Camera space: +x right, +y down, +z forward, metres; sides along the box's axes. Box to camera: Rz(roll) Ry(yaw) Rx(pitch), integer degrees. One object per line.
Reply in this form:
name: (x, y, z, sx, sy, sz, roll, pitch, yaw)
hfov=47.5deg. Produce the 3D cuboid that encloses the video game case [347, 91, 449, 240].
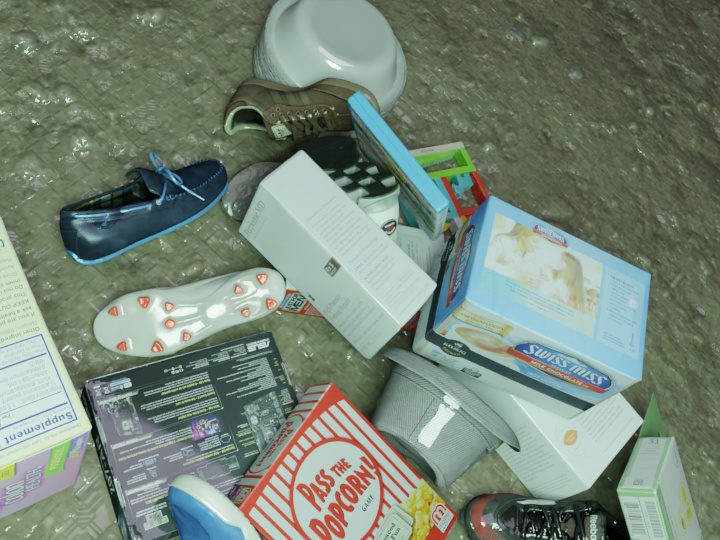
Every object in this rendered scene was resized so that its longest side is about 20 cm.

========

## Problem
In your copy, please omit the pictures and print every line of the records exactly.

## Result for this task
Camera space: +x right, +y down, +z forward, metres; sides along the box's axes. Box to camera: Rz(roll) Ry(yaw) Rx(pitch), integer degrees. One object per line.
Reply in this form:
name: (x, y, z, sx, sy, sz, roll, pitch, yaw)
hfov=47.5deg. Produce the 3D cuboid that encloses the video game case [347, 91, 449, 240].
Every object in this rendered scene was resized so that its longest side is about 20 cm.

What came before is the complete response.